Azure Synapse Analytics in a Day Lab
Wide World Importers
Wide World Importers (WWI) is a wholesale novelty goods importer and distributor operating from the San Francisco bay area.
As a wholesaler, WWI's customers are mostly companies who resell to individuals. WWI sells to retail customers across the United States, including specialty stores, supermarkets, computing stores, tourist attraction shops, and some individuals. WWI sells to other wholesalers via a network of agents who promote the products on WWI's behalf. While all of WWI's customers are currently based in the United States, the company intends to expand into other countries.
WWI buys goods from suppliers, including novelty and toy manufacturers, and other novelty wholesalers. They stock the goods in their WWI warehouse and reorder from suppliers as needed to fulfill customer orders. They also purchase large volumes of packaging materials and sell these in smaller quantities as a convenience for the customers.
Recently WWI started to sell a variety of edible novelties such as chili chocolates. The company previously did not have to handle chilled items. To meet food handling requirements, they must monitor the temperature in their chiller room and any of their trucks that have chiller sections.
Lab context
Wide World Importers is designing and implementing a Proof of Concept (PoC) for a unified data analytics platform. Their soft goal is to bring siloed teams to work together on a single platform.
In this lab, you will play the role of various persona: a data engineer, a business analyst, and a data scientist. The workspace is already set up to focus on some of the core development capabilities of Azure Synapse Analytics.
By the end of this lab, you will have performed a non-exhaustive list of operations that combine the strength of Big Data and SQL analytics into a single platform.

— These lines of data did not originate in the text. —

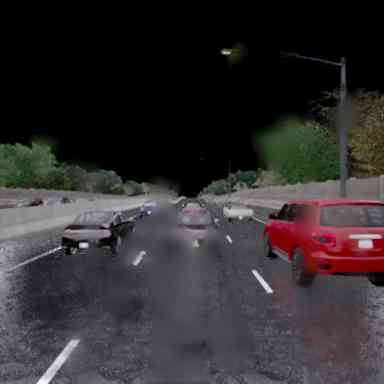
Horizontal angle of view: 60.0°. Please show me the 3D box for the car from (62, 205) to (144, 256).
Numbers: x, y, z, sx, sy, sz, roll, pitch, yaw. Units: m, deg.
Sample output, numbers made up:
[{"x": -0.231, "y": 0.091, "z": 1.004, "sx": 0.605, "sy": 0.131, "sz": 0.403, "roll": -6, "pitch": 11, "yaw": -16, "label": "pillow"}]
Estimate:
[{"x": -3.418, "y": 1.468, "z": 12.969, "sx": 2.128, "sy": 1.511, "sz": 4.902, "roll": 0, "pitch": 0, "yaw": 0, "label": "car"}]

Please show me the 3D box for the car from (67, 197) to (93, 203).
[{"x": -14.093, "y": 1.547, "z": 43.286, "sx": 1.882, "sy": 1.535, "sz": 5.008, "roll": 0, "pitch": 0, "yaw": 0, "label": "car"}]

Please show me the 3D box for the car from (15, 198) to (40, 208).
[{"x": -21.091, "y": 1.560, "z": 43.262, "sx": 2.128, "sy": 1.511, "sz": 4.902, "roll": 0, "pitch": 0, "yaw": 0, "label": "car"}]

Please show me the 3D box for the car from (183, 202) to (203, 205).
[{"x": 0.082, "y": 1.544, "z": 28.626, "sx": 1.994, "sy": 1.385, "sz": 4.181, "roll": 0, "pitch": 0, "yaw": 0, "label": "car"}]

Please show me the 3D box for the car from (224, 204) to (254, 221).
[{"x": 3.578, "y": 1.573, "z": 26.492, "sx": 1.895, "sy": 1.301, "sz": 4.718, "roll": 0, "pitch": 0, "yaw": 0, "label": "car"}]

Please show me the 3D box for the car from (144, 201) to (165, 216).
[{"x": -3.416, "y": 1.507, "z": 29.213, "sx": 1.812, "sy": 1.442, "sz": 4.674, "roll": 0, "pitch": 0, "yaw": 0, "label": "car"}]

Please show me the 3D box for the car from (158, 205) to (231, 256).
[{"x": 0.082, "y": 1.467, "z": 12.939, "sx": 2.128, "sy": 1.511, "sz": 4.902, "roll": 0, "pitch": 0, "yaw": 0, "label": "car"}]

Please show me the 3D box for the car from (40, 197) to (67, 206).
[{"x": -17.590, "y": 1.426, "z": 43.790, "sx": 2.097, "sy": 1.767, "sz": 4.553, "roll": 0, "pitch": 0, "yaw": 0, "label": "car"}]

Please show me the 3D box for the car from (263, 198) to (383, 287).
[{"x": 3.572, "y": 1.197, "z": 9.494, "sx": 2.150, "sy": 2.045, "sz": 5.566, "roll": 0, "pitch": -1, "yaw": 0, "label": "car"}]
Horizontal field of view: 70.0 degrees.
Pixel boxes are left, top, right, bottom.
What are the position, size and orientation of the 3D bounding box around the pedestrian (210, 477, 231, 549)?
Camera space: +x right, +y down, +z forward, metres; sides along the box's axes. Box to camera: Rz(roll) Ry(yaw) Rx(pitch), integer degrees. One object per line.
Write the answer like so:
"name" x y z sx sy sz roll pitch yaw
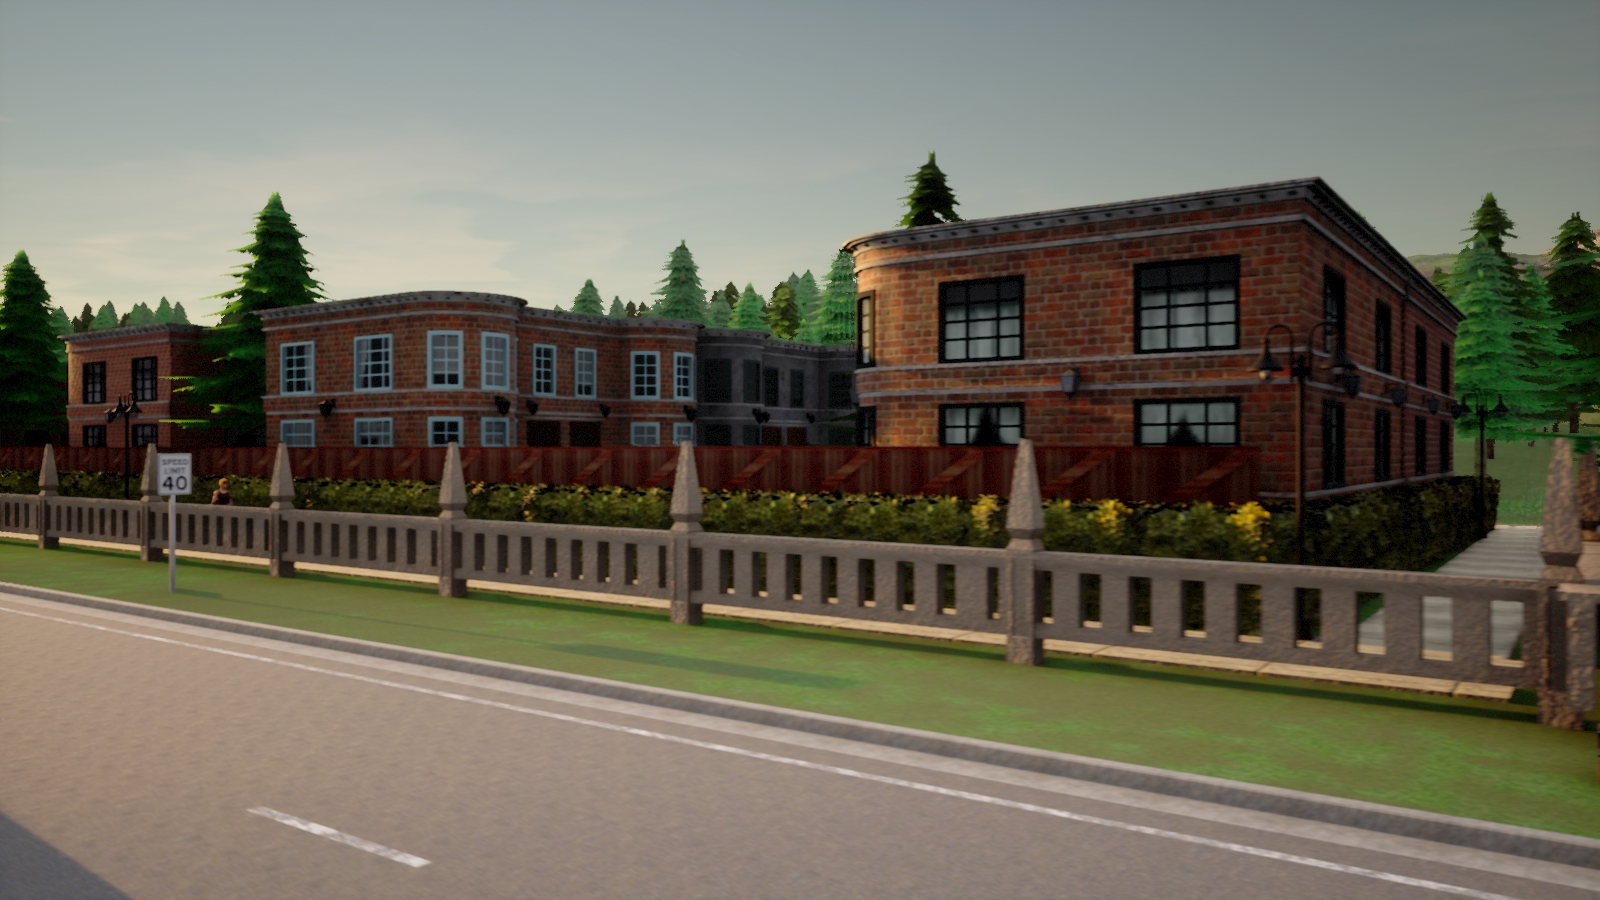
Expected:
"pedestrian" -15.349 1.662 30.275 0.375 1.860 0.375 0 0 35
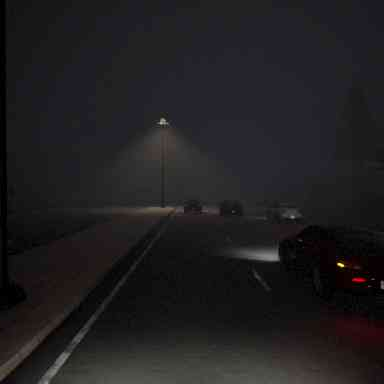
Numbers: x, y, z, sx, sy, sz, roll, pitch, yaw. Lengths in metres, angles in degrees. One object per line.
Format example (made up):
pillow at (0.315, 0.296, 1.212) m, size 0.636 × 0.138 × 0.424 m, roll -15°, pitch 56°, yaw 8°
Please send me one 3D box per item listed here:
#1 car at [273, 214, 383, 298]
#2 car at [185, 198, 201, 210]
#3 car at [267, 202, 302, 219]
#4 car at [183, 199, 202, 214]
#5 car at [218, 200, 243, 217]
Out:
car at (3.600, 1.526, 8.388) m, size 1.812 × 1.442 × 4.674 m, roll 0°, pitch 0°, yaw 0°
car at (0.107, 1.564, 44.571) m, size 1.994 × 1.385 × 4.181 m, roll 0°, pitch 0°, yaw 0°
car at (7.102, 1.525, 25.781) m, size 1.812 × 1.442 × 4.674 m, roll 0°, pitch 0°, yaw 0°
car at (0.100, 1.526, 35.812) m, size 1.812 × 1.442 × 4.674 m, roll 0°, pitch 0°, yaw 0°
car at (3.605, 1.492, 31.307) m, size 2.128 × 1.511 × 4.902 m, roll 0°, pitch 0°, yaw 0°
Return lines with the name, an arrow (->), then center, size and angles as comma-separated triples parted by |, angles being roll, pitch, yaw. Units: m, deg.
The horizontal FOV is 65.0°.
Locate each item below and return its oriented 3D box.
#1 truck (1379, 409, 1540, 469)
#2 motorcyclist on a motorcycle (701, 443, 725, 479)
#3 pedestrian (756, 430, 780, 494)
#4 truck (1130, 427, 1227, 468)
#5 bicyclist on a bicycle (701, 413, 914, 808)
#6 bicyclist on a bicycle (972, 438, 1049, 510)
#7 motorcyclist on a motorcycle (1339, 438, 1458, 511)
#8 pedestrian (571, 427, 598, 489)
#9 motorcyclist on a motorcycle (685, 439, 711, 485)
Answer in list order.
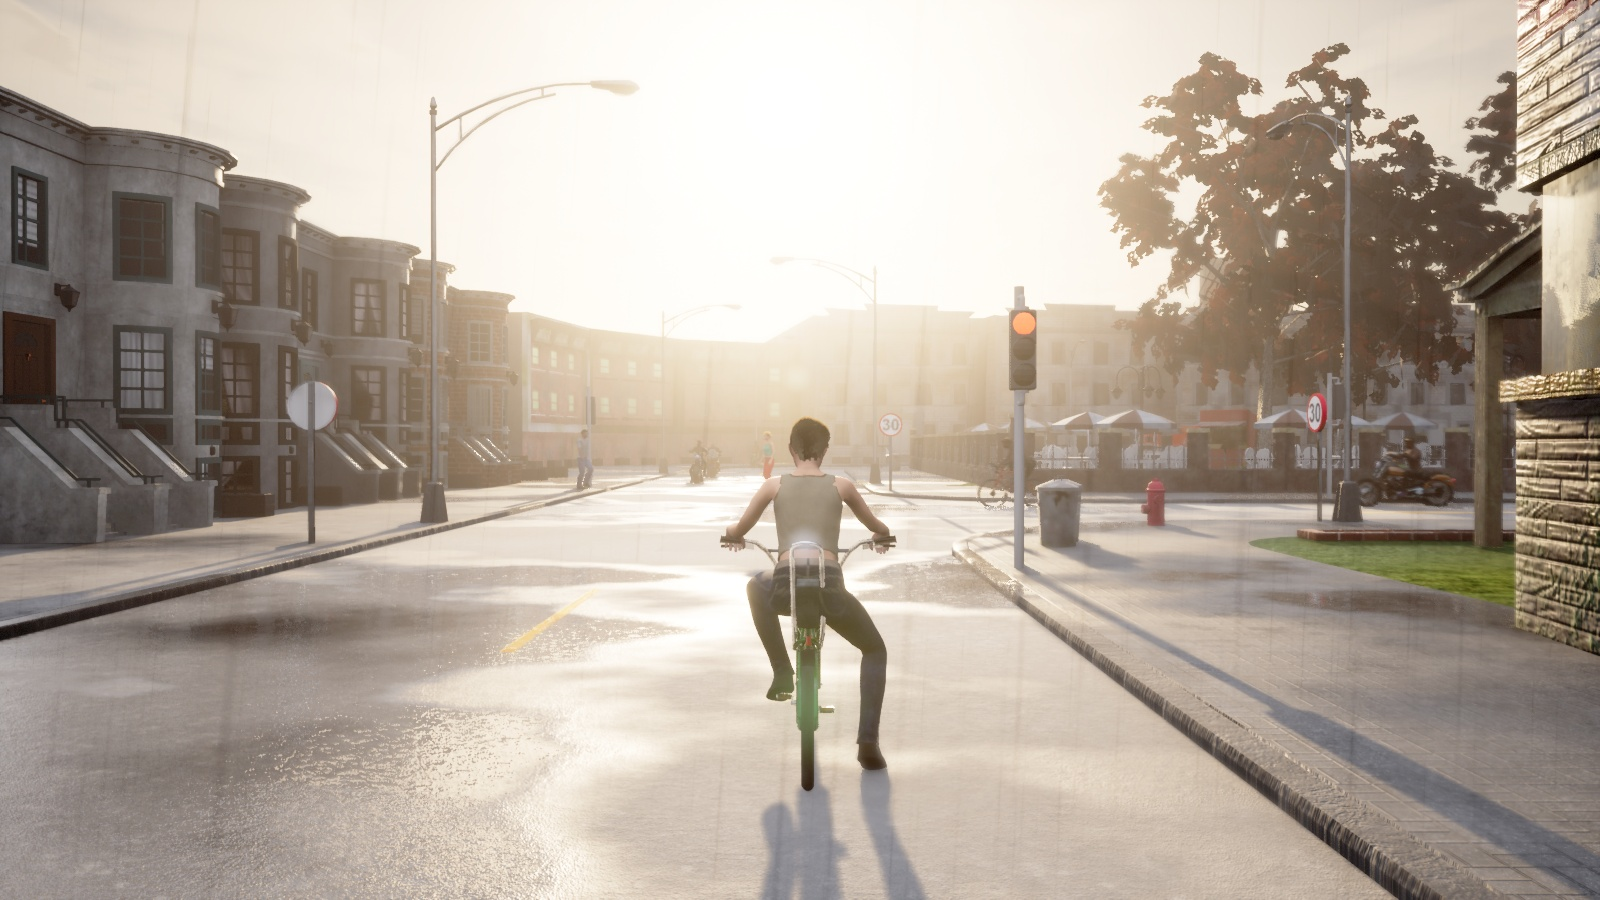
truck -> 38.681, -0.621, 73.853 | 7.936, 3.462, 2.891 | 0, 0, 0
motorcyclist on a motorcycle -> -3.752, 0.472, 54.283 | 0.866, 1.530, 2.191 | 0, 0, 0
pedestrian -> -0.912, 0.339, 35.960 | 0.594, 1.836, 0.345 | 0, 0, -23
truck -> 23.414, -0.161, 77.901 | 5.204, 2.467, 2.627 | 0, 0, 0
bicyclist on a bicycle -> 0.037, 0.650, 5.875 | 0.866, 1.612, 1.509 | 0, 0, 0
bicyclist on a bicycle -> 4.805, 0.541, 28.696 | 1.656, 1.620, 0.582 | 0, 1, -2
motorcyclist on a motorcycle -> 13.664, 0.546, 28.696 | 2.350, 1.649, 0.766 | 0, 0, 0
pedestrian -> -6.449, 0.239, 37.577 | 0.706, 1.836, 0.354 | 0, 0, 28
motorcyclist on a motorcycle -> -3.778, 0.429, 46.842 | 0.766, 1.649, 2.350 | 0, 0, 0

How to get started with a provided lab environment
If you are using a hosted lab environment, please follow the steps below to get started:
-
Select the Lab Environment tab above the lab guide to copy the Azure credentials used for the lab. Make note of the
UniqueId
value. This value may be referenced at different points during the lab. -
Select Lab Resources under Lab Environment to start the Virtual Machine (VM) provided for this lab. However, you do not need to use the VM to complete the lab. It is there for your convenience to make it easier to sign into Azure if you have an existing account and do not want to log out of it.
Solution architecture
The diagram below provides a unified view of the exercises in the lab and their estimated times for completion.

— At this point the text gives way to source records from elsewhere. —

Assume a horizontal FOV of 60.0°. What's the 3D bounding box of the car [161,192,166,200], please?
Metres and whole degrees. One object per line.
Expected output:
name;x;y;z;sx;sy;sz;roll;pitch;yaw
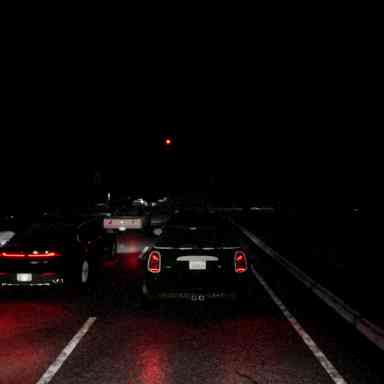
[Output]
car;-7.097;0.945;70.826;2.033;1.411;5.357;0;1;-1

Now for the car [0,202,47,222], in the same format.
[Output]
car;-10.613;1.362;20.309;2.128;1.511;4.902;0;0;0

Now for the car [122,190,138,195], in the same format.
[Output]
car;-10.627;0.929;53.912;2.097;1.767;4.553;0;0;0

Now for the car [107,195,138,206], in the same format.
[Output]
car;-7.122;1.303;33.474;2.033;1.411;5.357;0;1;0

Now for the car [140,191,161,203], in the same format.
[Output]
car;-7.127;1.090;57.746;2.033;1.411;5.357;0;1;0

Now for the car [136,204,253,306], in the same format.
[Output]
car;0.098;1.323;8.118;2.097;1.767;4.553;0;0;0

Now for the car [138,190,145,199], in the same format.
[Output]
car;-10.573;0.659;68.111;2.150;2.045;5.566;0;0;0

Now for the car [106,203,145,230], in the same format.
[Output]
car;-3.412;1.487;18.496;1.895;1.301;4.718;0;0;0

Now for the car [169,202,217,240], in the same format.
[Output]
car;0.083;1.388;17.315;2.128;1.511;4.902;0;0;1

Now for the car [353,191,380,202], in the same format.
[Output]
car;21.927;0.923;39.732;5.566;2.045;2.150;0;1;-3

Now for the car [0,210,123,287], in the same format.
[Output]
car;-3.403;1.468;9.175;1.837;1.490;4.892;0;0;0

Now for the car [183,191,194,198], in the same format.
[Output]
car;-0.571;0.709;86.123;1.812;1.442;4.674;0;1;-4

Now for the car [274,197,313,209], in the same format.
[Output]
car;12.176;1.307;39.178;4.718;1.301;1.895;0;1;-3

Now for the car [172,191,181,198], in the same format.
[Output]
car;-4.046;0.693;85.626;1.837;1.490;4.892;0;1;-4

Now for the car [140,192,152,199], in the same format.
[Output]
car;-10.752;0.831;78.354;2.128;1.511;4.902;0;1;-1

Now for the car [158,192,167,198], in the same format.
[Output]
car;-7.530;0.743;85.258;2.033;1.411;5.357;0;1;-3
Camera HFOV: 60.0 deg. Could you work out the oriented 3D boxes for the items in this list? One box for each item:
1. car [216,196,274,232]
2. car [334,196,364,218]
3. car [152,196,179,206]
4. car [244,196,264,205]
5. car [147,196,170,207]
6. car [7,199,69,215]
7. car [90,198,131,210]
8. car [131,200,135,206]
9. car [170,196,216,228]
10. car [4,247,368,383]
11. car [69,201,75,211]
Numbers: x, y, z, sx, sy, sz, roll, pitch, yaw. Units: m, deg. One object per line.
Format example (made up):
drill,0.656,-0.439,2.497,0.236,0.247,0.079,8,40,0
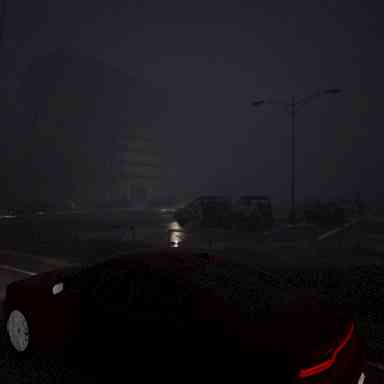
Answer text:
car,3.306,1.156,19.066,1.905,1.878,3.866,0,0,34
car,15.329,1.395,32.023,1.970,1.475,3.806,0,0,34
car,-4.458,1.491,56.854,2.128,1.511,4.902,0,0,34
car,11.491,1.526,61.506,1.812,1.442,4.674,0,0,34
car,-4.715,1.492,50.239,2.128,1.511,4.902,0,0,34
car,-15.730,1.547,33.846,2.033,1.411,5.357,0,0,34
car,-10.388,1.601,41.808,1.895,1.301,4.718,0,0,34
car,-10.521,1.547,47.890,2.033,1.411,5.357,0,0,33
car,0.939,1.153,20.732,1.932,1.855,4.605,0,0,34
car,-0.533,1.478,4.369,5.008,1.535,1.882,0,0,35
car,-16.182,1.526,39.434,1.812,1.442,4.674,0,0,34
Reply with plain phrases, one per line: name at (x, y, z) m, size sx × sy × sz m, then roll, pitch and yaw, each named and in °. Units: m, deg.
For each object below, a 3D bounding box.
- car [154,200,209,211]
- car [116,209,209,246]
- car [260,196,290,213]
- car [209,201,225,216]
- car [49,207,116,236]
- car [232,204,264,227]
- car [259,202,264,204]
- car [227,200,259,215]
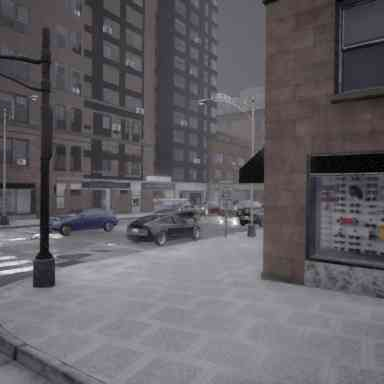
car at (-1.057, 1.671, 26.916) m, size 2.128 × 1.511 × 4.902 m, roll 1°, pitch 0°, yaw 36°
car at (-1.296, 1.764, 16.431) m, size 1.947 × 1.339 × 4.313 m, roll 0°, pitch 0°, yaw 36°
car at (10.948, 1.573, 43.462) m, size 2.150 × 2.045 × 5.566 m, roll 1°, pitch 0°, yaw 33°
car at (1.460, 1.646, 34.790) m, size 1.967 × 1.590 × 4.097 m, roll 0°, pitch 0°, yaw 36°
car at (-6.431, 1.634, 19.483) m, size 1.812 × 1.442 × 4.674 m, roll 1°, pitch 0°, yaw 38°
car at (5.146, 1.850, 25.340) m, size 1.947 × 1.339 × 4.313 m, roll 0°, pitch 0°, yaw 36°
car at (7.801, 1.823, 43.560) m, size 1.752 × 1.417 × 4.829 m, roll 0°, pitch 0°, yaw 36°
car at (4.815, 1.613, 35.018) m, size 2.097 × 1.767 × 4.553 m, roll 1°, pitch 0°, yaw 36°

Exercise 1 - Explore the data lake with Azure Synapse Serverless SQL Pool and Azure Synapse Spark
In this exercise, you will explore data using the engine of your choice (SQL or Spark).
Understanding data through data exploration is one of the core challenges faced today by data engineers and data scientists as well. Depending on the data's underlying structure and the specific requirements of the exploration process, different data processing engines will offer varying degrees of performance, complexity, and flexibility.
In Azure Synapse Analytics, you have the possibility of using either the SQL Serverless engine, the big-data Spark engine, or both.
Exercise 2 - Working with Azure Synapse Pipelines
In this exercise, you will use a pipeline with parallel activities to bring data into the Data Lake, transform it, and load it into the Azure Synapse SQL Pool. You will also monitor the progress of the associated tasks.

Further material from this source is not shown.